Ganda hätte niemals damit gerechnet, eine so ehrliche Antwort zu bekommen. Sie hatte Reilif wohl mehr aus dem Gleichgewicht gebracht, als er sich bisher hatte anmerken lassen. Und er hatte mehr gesagt, als sie wissen wollte. »Ich werde dich nicht aufhalten, wenn du die Schriftrolle dahin bringst, wo sie hingehört. Wenn es nach mir ginge, würden solche Texte verbrannt werden.«

»Es genügt jetzt, Ganda«, mischte sich Ollowain ein. »Meister Reilif hat sich entschuldigt. Hör endlich auf mit deinen Beschimpfungen! Es ändert ohnehin nichts mehr.«

Der Hüter des Wissens verneigte sich knapp. »Ihr entschuldigt mich bitte.« In aller Eile zog er sich zurück.

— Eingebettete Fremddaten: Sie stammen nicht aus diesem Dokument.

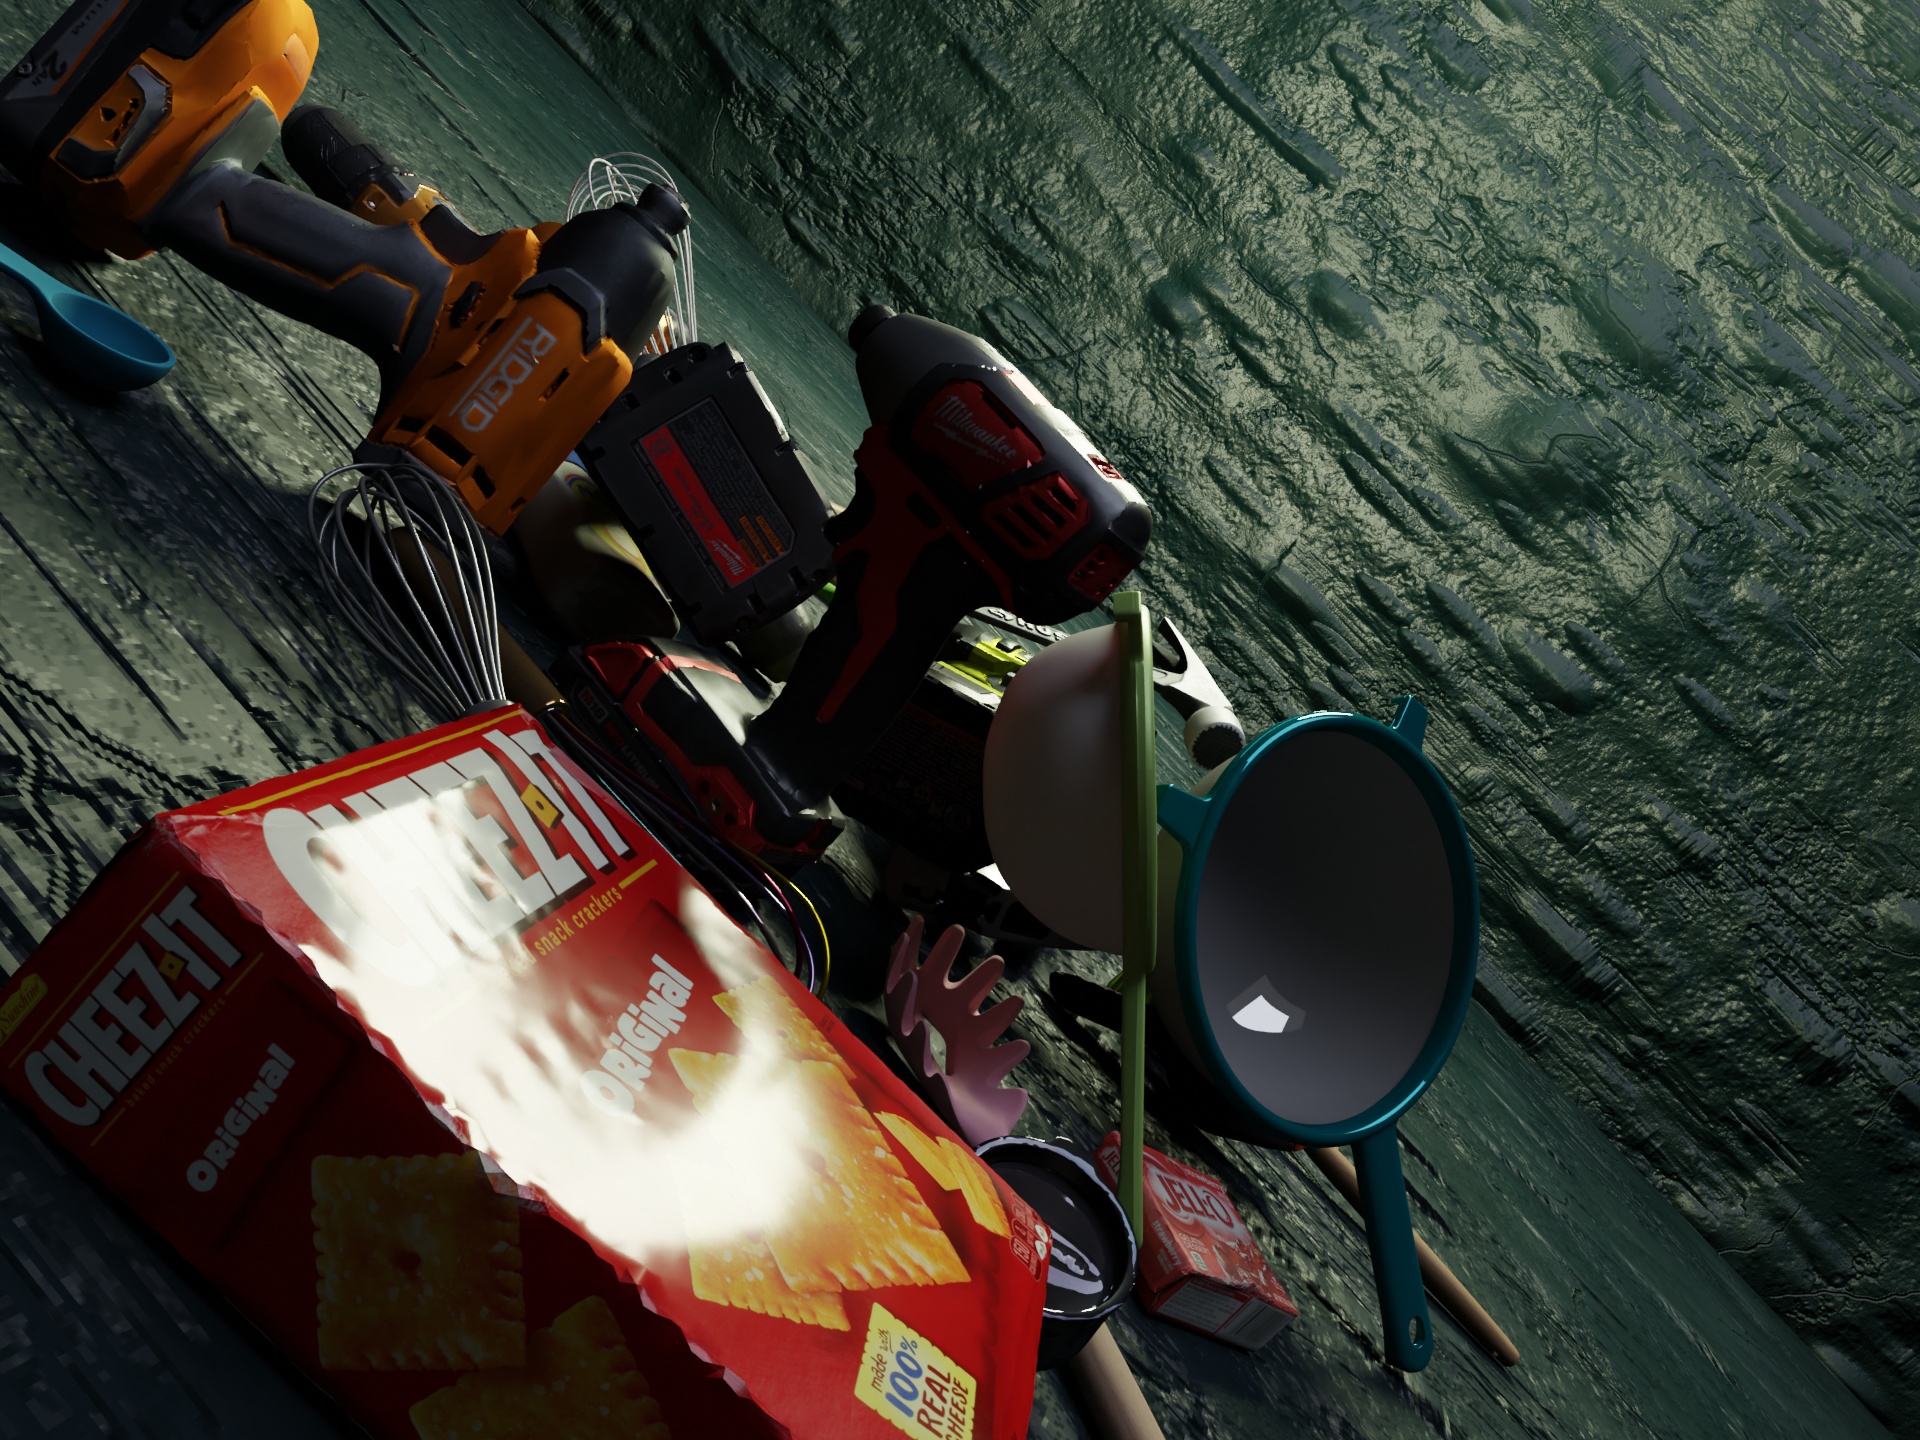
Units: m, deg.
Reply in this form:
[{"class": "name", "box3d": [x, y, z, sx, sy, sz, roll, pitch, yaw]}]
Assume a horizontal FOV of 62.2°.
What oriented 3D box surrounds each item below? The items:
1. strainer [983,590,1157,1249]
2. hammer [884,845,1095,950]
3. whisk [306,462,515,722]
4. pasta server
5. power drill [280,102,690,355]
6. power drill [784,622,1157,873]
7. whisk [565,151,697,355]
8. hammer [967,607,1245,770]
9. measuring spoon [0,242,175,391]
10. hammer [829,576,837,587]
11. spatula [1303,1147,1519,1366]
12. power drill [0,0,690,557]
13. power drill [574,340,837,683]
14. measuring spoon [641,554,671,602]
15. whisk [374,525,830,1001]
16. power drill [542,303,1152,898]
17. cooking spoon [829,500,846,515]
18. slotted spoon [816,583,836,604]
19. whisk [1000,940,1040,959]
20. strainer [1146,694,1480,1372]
[{"class": "strainer", "box3d": [0.043, 0.080, 0.642, 0.151, 0.069, 0.256, 57, 34, -81]}, {"class": "hammer", "box3d": [-0.008, 0.025, 0.905, 0.146, 0.035, 0.335, 17, 20, -25]}, {"class": "whisk", "box3d": [-0.154, 0.002, 0.509, 0.239, 0.055, 0.055, 57, 15, 27]}, {"class": "pasta server", "box3d": [0.039, 0.192, 0.548, 0.060, 0.040, 0.317, 20, 26, -39]}, {"class": "power drill", "box3d": [-0.279, -0.270, 0.940, 0.185, 0.084, 0.226, 46, 16, 11]}, {"class": "power drill", "box3d": [-0.001, -0.003, 0.821, 0.171, 0.080, 0.223, 28, 15, 12]}, {"class": "whisk", "box3d": [-0.158, -0.181, 0.897, 0.070, 0.070, 0.284, -24, 97, -78]}, {"class": "hammer", "box3d": [-0.015, -0.083, 0.987, 0.408, 0.036, 0.149, 21, 25, -14]}, {"class": "measuring spoon", "box3d": [-0.319, -0.145, 0.515, 0.128, 0.021, 0.042, 34, 13, -12]}, {"class": "hammer", "box3d": [-0.102, -0.115, 1.143, 0.331, 0.031, 0.130, 41, 12, -23]}, {"class": "spatula", "box3d": [0.240, 0.270, 0.972, 0.317, 0.082, 0.044, 48, 55, -4]}, {"class": "power drill", "box3d": [-0.224, -0.193, 0.610, 0.226, 0.164, 0.084, 39, -7, -6]}, {"class": "power drill", "box3d": [-0.116, -0.091, 0.771, 0.187, 0.080, 0.227, 59, -7, -15]}, {"class": "measuring spoon", "box3d": [-0.152, -0.043, 0.759, 0.034, 0.018, 0.124, 46, 16, -34]}, {"class": "whisk", "box3d": [-0.129, 0.014, 0.557, 0.245, 0.047, 0.051, 46, 12, 19]}, {"class": "power drill", "box3d": [-0.049, -0.047, 0.601, 0.143, 0.219, 0.078, 50, 12, 18]}, {"class": "cooking spoon", "box3d": [-0.143, -0.158, 1.019, 0.069, 0.017, 0.318, 7, -6, 36]}, {"class": "slotted spoon", "box3d": [-0.046, -0.053, 0.970, 0.314, 0.031, 0.070, 35, 17, 17]}, {"class": "whisk", "box3d": [0.069, 0.093, 0.956, 0.073, 0.073, 0.296, 47, 17, 5]}, {"class": "strainer", "box3d": [0.174, 0.164, 0.816, 0.095, 0.211, 0.340, -2, -77, 55]}]
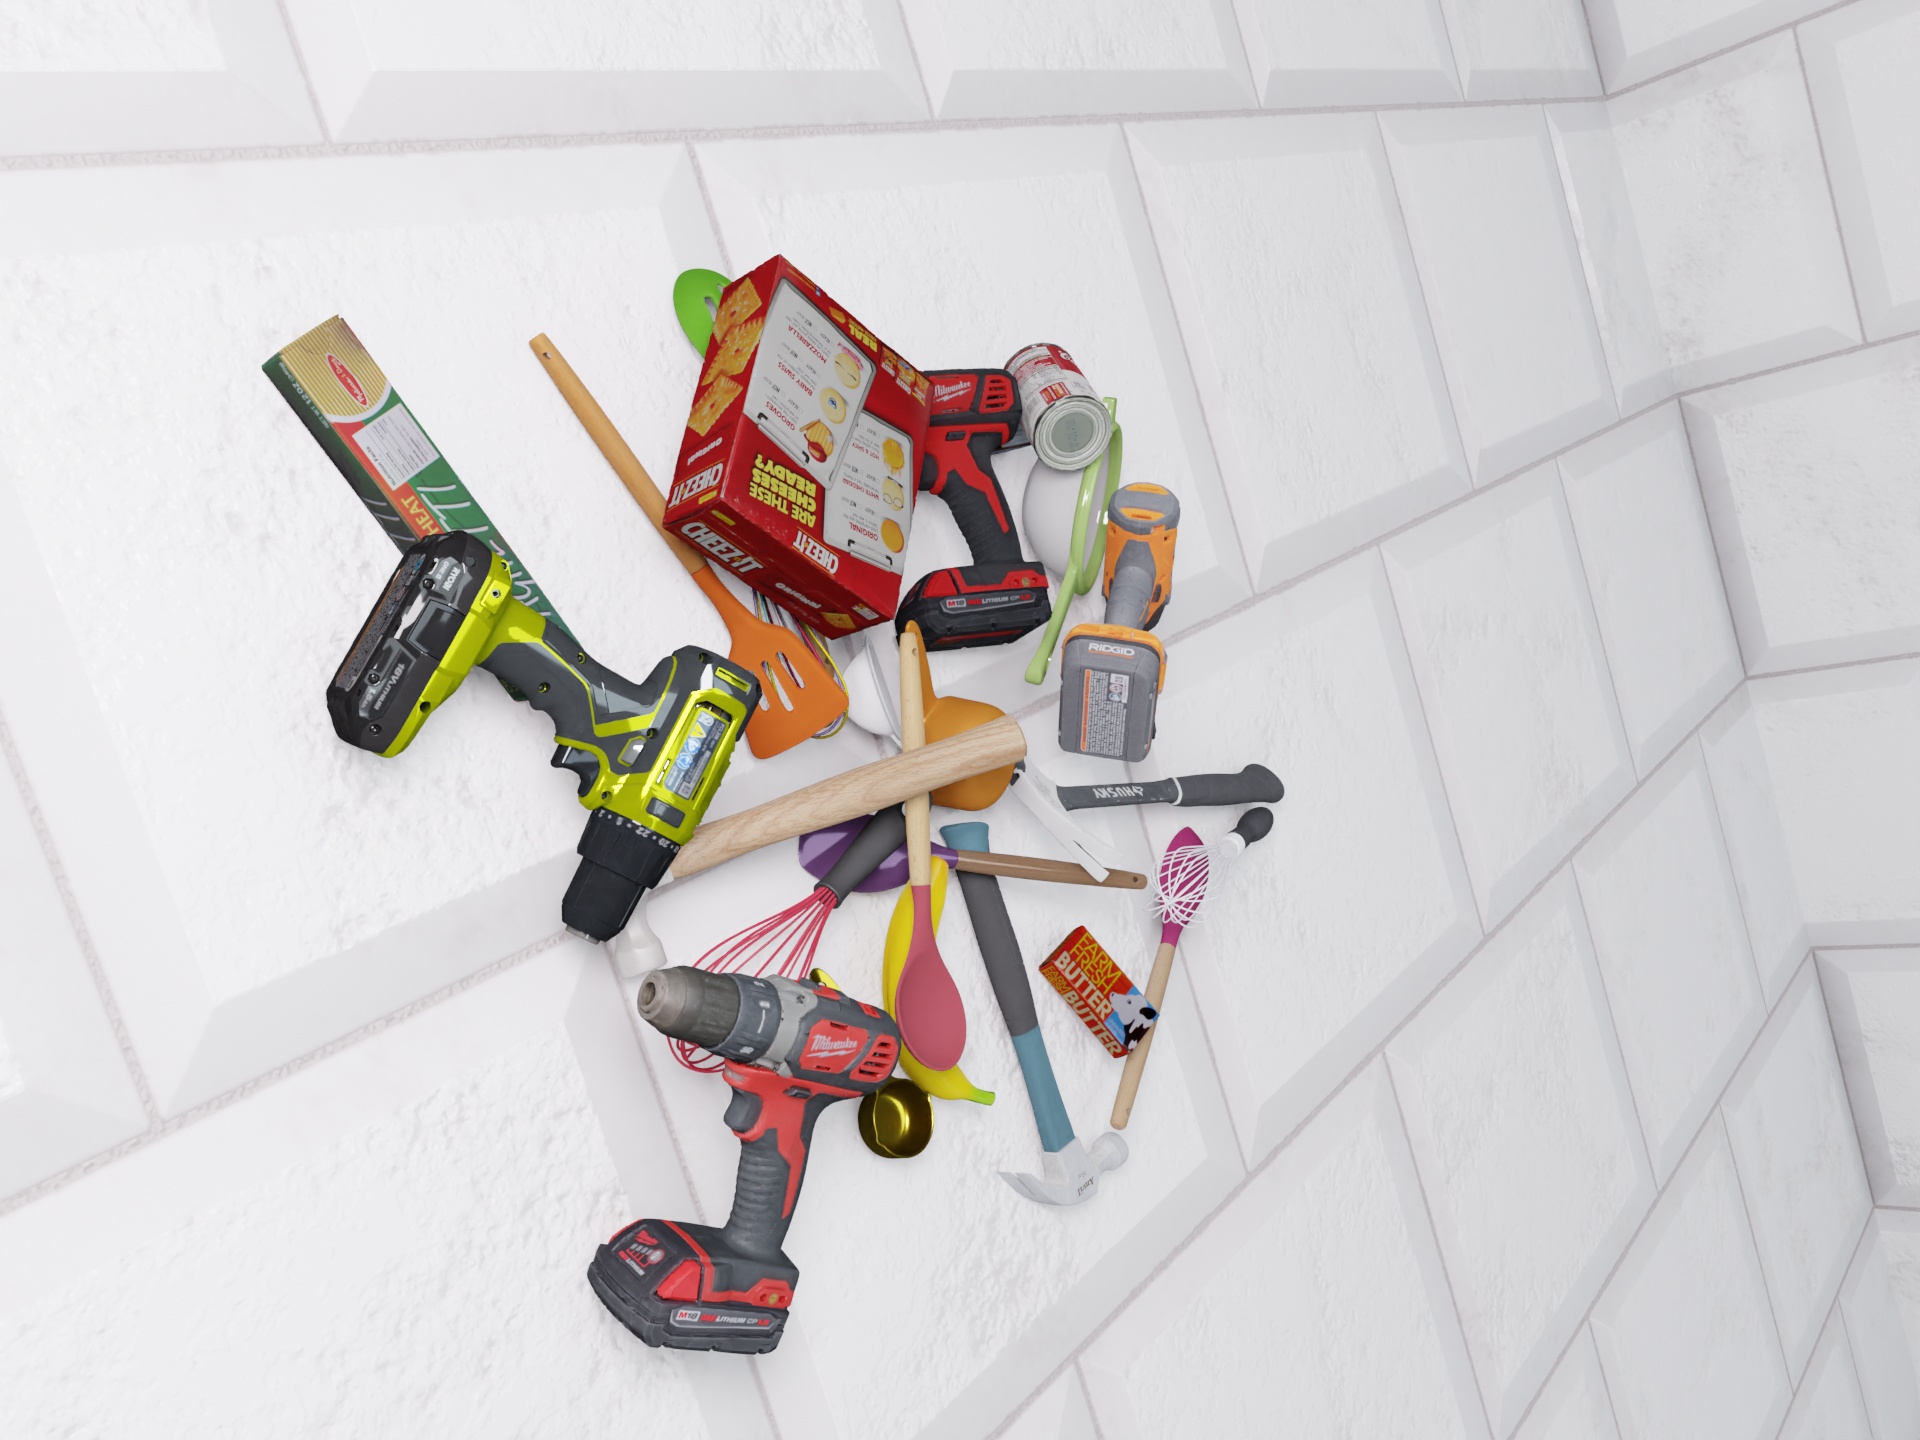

Ganda lehnte sich erschöpft an den Tisch. Sie war am Ende ihrer Kräfte. Sie mussten hier fort. So schnell wie möglich. Müde schloss sie die Augen. Jeder hier in der Bibliothek konnte der Mörder sein. Es war unmöglich abzuschätzen, wie seine wahre Gestalt aussah. Obendrein konnte er sich ja jedes beliebigen Leibes bemächtigen.

»Hast du mir etwas zu sagen?«

Ollowain stand plötzlich vor ihr. Sie musste einen Aussetzer gehabt haben. »Was meinst du?« Er deutete auf ihre linke Hand, die halb in dem falschen Buch versunken war, dem Spiegelbild ohne Substanz.

Ganda seufzte. Wenn sie versuchte, Ollowain zu erklären, was geschehen war, würde ihnen beiden am Ende seine Ehre im Weg stehen. »Das ist jetzt nicht von Belang«, antwortete sie entschieden.